Sans la moindre hésitation, j'esquive mes deux geôliers et me précipite vers la porte. J'engloutis les mètres et me rapproche du seuil lorsqu'une fois encore, une forte poigne m'agrippe chaque bras. Et dans la bousculade, je ne réalise qu'après que j'ai décollé. Deux immenses ailes blanches se déploient dans le dos des anges.

Avec une coordination parfaite, ils m'enlèvent vers le bout de la terrasse et se mettent à planer au-dessus du magma infâme. Avec le plus grand calme, le moine frappe le sol de son sceptre et aussitôt, la bouche de l'enfer s'ouvre vers les profondeurs, tels un syphon dans cette lave verdâtre.

— Ne me lâchez-pas ! hurlé-je paniqué.

— Bon voyage Binou ! me souhaite Frère du Bon Conseil avec enthousiasme.

Aussitôt, les anges me lâchent et je chute vers les profondeurs. Je suis aussitôt englouti par cette gueule qui se referme sans pitié sur moi.

J'ai l'impression de sombrer sans fin, comme si j'étai à la fois dans les airs et dans des eaux obscures. La voix s'intensifie si fort que je me bouche les oreilles, sans parvenir à m'en débarrasser.

Je tressaille : quelque chose m'a frôlé la peau.

Inutile de chercher : aucune lumière dans cet endroit perdu, abandonné de tous. C'est abominable, je vais finir ainsi pour l'éternité, sous une chappe impénétrable.

Cette fois-ci, une main se referme sur mon poignet, puis une autre sur ma cuisse. Quelque chose agrippe ma nuque et mes cheveux. Je tente de crier mais rien n'y fait. On m'assaille de partout.

Et puis brusquement, j'ai l'impression que des griffes pénètrent dans ma peau pour me lacérer.

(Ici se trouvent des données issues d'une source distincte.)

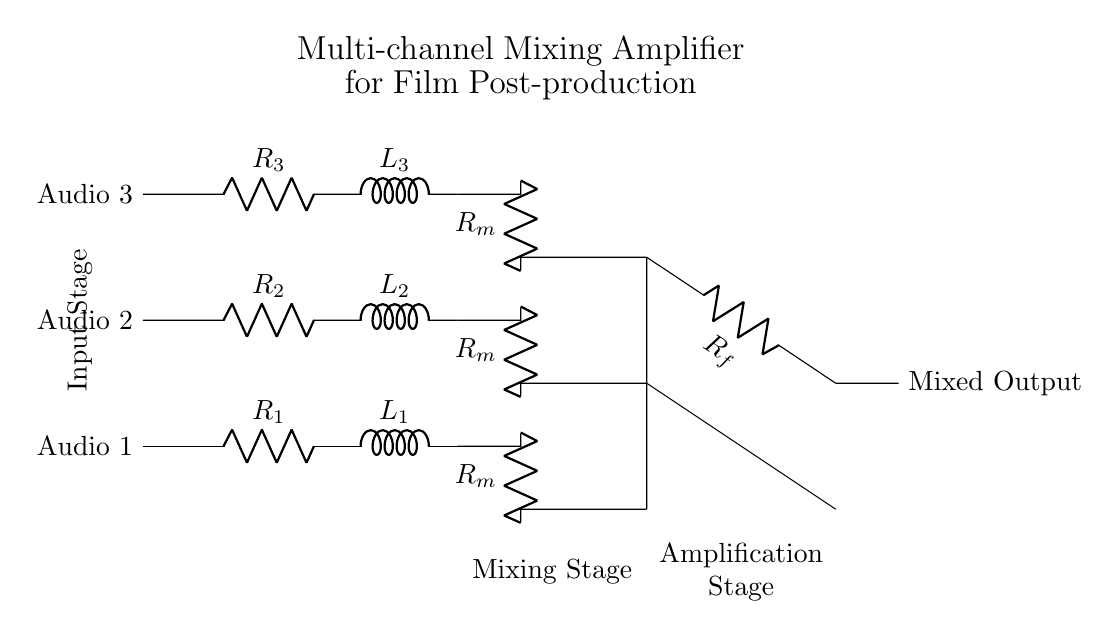What are the components in the input stage? The input stage contains three resistors (R1, R2, R3) and three inductors (L1, L2, L3) for Audio 1, Audio 2, and Audio 3.
Answer: Resistors and inductors What is the function of Rf in this circuit? Rf is the feedback resistor that helps control the gain of the operational amplifier, influencing how much output is fed back into the input.
Answer: Feedback How many audio inputs does this circuit have? The circuit has three audio inputs marked as Audio 1, Audio 2, and Audio 3.
Answer: Three inputs What type of amplifier is represented in this circuit? The circuit is a multi-channel mixing amplifier designed to combine multiple audio signals into one output.
Answer: Mixing amplifier Why is an operational amplifier used in this circuit? An operational amplifier provides the necessary gain to amplify the mixed audio signals, allowing for a balanced output.
Answer: Gain amplification What does the term "Mixed Output" refer to? The "Mixed Output" is the final combined audio signal that results from mixing the inputs through the amplifier stages.
Answer: Final combined signal 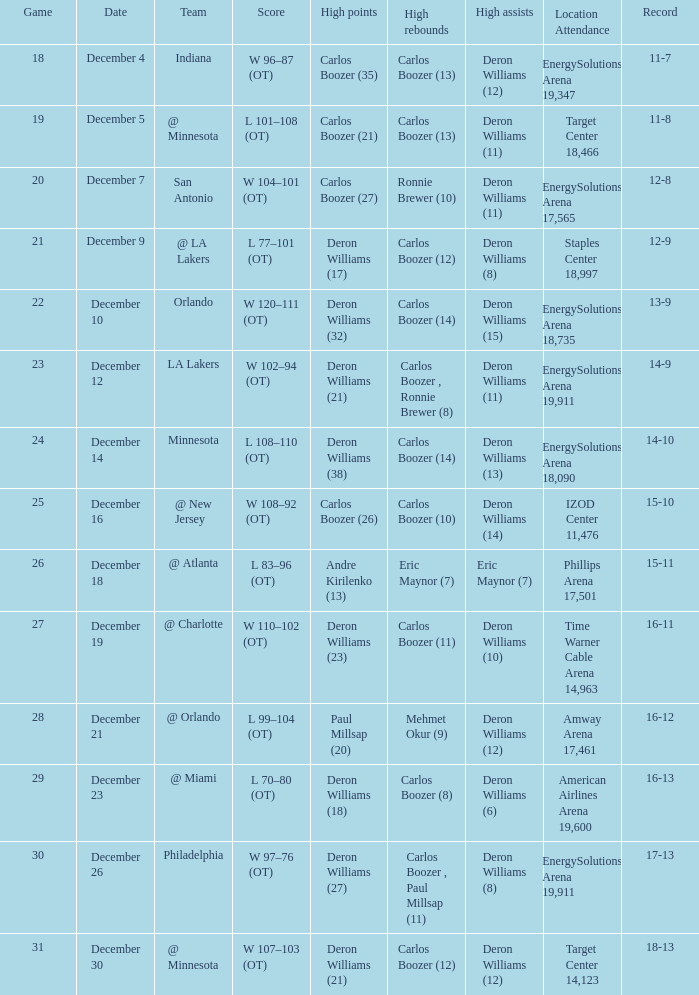What is the count of distinct high rebound outcomes for game number 26? 1.0. Parse the full table. {'header': ['Game', 'Date', 'Team', 'Score', 'High points', 'High rebounds', 'High assists', 'Location Attendance', 'Record'], 'rows': [['18', 'December 4', 'Indiana', 'W 96–87 (OT)', 'Carlos Boozer (35)', 'Carlos Boozer (13)', 'Deron Williams (12)', 'EnergySolutions Arena 19,347', '11-7'], ['19', 'December 5', '@ Minnesota', 'L 101–108 (OT)', 'Carlos Boozer (21)', 'Carlos Boozer (13)', 'Deron Williams (11)', 'Target Center 18,466', '11-8'], ['20', 'December 7', 'San Antonio', 'W 104–101 (OT)', 'Carlos Boozer (27)', 'Ronnie Brewer (10)', 'Deron Williams (11)', 'EnergySolutions Arena 17,565', '12-8'], ['21', 'December 9', '@ LA Lakers', 'L 77–101 (OT)', 'Deron Williams (17)', 'Carlos Boozer (12)', 'Deron Williams (8)', 'Staples Center 18,997', '12-9'], ['22', 'December 10', 'Orlando', 'W 120–111 (OT)', 'Deron Williams (32)', 'Carlos Boozer (14)', 'Deron Williams (15)', 'EnergySolutions Arena 18,735', '13-9'], ['23', 'December 12', 'LA Lakers', 'W 102–94 (OT)', 'Deron Williams (21)', 'Carlos Boozer , Ronnie Brewer (8)', 'Deron Williams (11)', 'EnergySolutions Arena 19,911', '14-9'], ['24', 'December 14', 'Minnesota', 'L 108–110 (OT)', 'Deron Williams (38)', 'Carlos Boozer (14)', 'Deron Williams (13)', 'EnergySolutions Arena 18,090', '14-10'], ['25', 'December 16', '@ New Jersey', 'W 108–92 (OT)', 'Carlos Boozer (26)', 'Carlos Boozer (10)', 'Deron Williams (14)', 'IZOD Center 11,476', '15-10'], ['26', 'December 18', '@ Atlanta', 'L 83–96 (OT)', 'Andre Kirilenko (13)', 'Eric Maynor (7)', 'Eric Maynor (7)', 'Phillips Arena 17,501', '15-11'], ['27', 'December 19', '@ Charlotte', 'W 110–102 (OT)', 'Deron Williams (23)', 'Carlos Boozer (11)', 'Deron Williams (10)', 'Time Warner Cable Arena 14,963', '16-11'], ['28', 'December 21', '@ Orlando', 'L 99–104 (OT)', 'Paul Millsap (20)', 'Mehmet Okur (9)', 'Deron Williams (12)', 'Amway Arena 17,461', '16-12'], ['29', 'December 23', '@ Miami', 'L 70–80 (OT)', 'Deron Williams (18)', 'Carlos Boozer (8)', 'Deron Williams (6)', 'American Airlines Arena 19,600', '16-13'], ['30', 'December 26', 'Philadelphia', 'W 97–76 (OT)', 'Deron Williams (27)', 'Carlos Boozer , Paul Millsap (11)', 'Deron Williams (8)', 'EnergySolutions Arena 19,911', '17-13'], ['31', 'December 30', '@ Minnesota', 'W 107–103 (OT)', 'Deron Williams (21)', 'Carlos Boozer (12)', 'Deron Williams (12)', 'Target Center 14,123', '18-13']]} 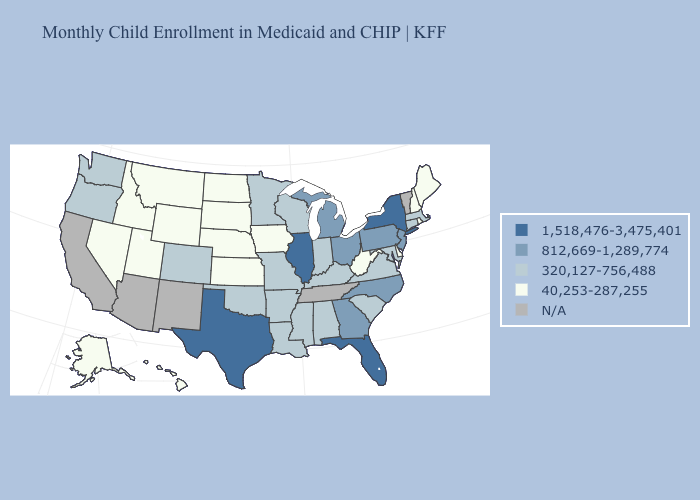Does Colorado have the lowest value in the West?
Keep it brief. No. Name the states that have a value in the range 1,518,476-3,475,401?
Quick response, please. Florida, Illinois, New York, Texas. Among the states that border Arkansas , does Mississippi have the lowest value?
Answer briefly. Yes. Among the states that border Georgia , does Alabama have the highest value?
Keep it brief. No. What is the value of Massachusetts?
Be succinct. 320,127-756,488. Which states have the lowest value in the South?
Keep it brief. Delaware, West Virginia. Which states hav the highest value in the Northeast?
Write a very short answer. New York. Among the states that border Utah , which have the highest value?
Keep it brief. Colorado. Name the states that have a value in the range 812,669-1,289,774?
Keep it brief. Georgia, Michigan, New Jersey, North Carolina, Ohio, Pennsylvania. Name the states that have a value in the range N/A?
Give a very brief answer. Arizona, California, New Mexico, Tennessee, Vermont. Which states have the lowest value in the Northeast?
Give a very brief answer. Maine, New Hampshire, Rhode Island. Name the states that have a value in the range 40,253-287,255?
Short answer required. Alaska, Delaware, Hawaii, Idaho, Iowa, Kansas, Maine, Montana, Nebraska, Nevada, New Hampshire, North Dakota, Rhode Island, South Dakota, Utah, West Virginia, Wyoming. Name the states that have a value in the range N/A?
Be succinct. Arizona, California, New Mexico, Tennessee, Vermont. Among the states that border Iowa , does Illinois have the lowest value?
Concise answer only. No. 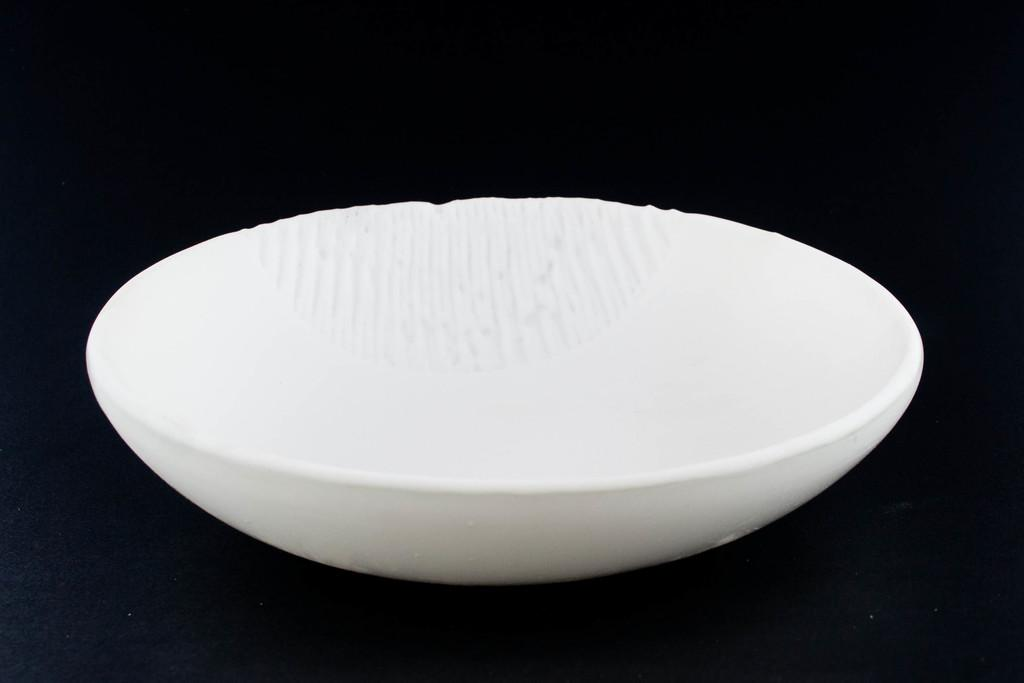What is the main subject in the center of the image? There is a bowl in the center of the image. What color is the bowl? The bowl is white in color. What can be observed about the background of the image? The background of the image is dark. Where is the playground located in the image? There is no playground present in the image. What type of wine is being served in the image? There is no wine present in the image.

Malgré le fait que je sois déjà mort, la douleur se ressent encore plus fort.

Et toujours ce chœur funèbre qui me transperce.

Un étau emprisonne brusquement ma main et me tire à travers les ténèbres, de plus en plus vite. J'ai l'impression de traverser des kilomètres même si aucun repère ne le prouve. Et puis au fond, apparait une lumière, très faible mais qui grossit au fur et à mesure que je me rapproche.

Elle croît en même temps qu'une chaleur étouffante me brûle de toute part. J'ai l'impression que ma peau se décolle, que mes os fondent, que tout mon être part en fumée.

Et puis la lumière se fait si vive que tout explose.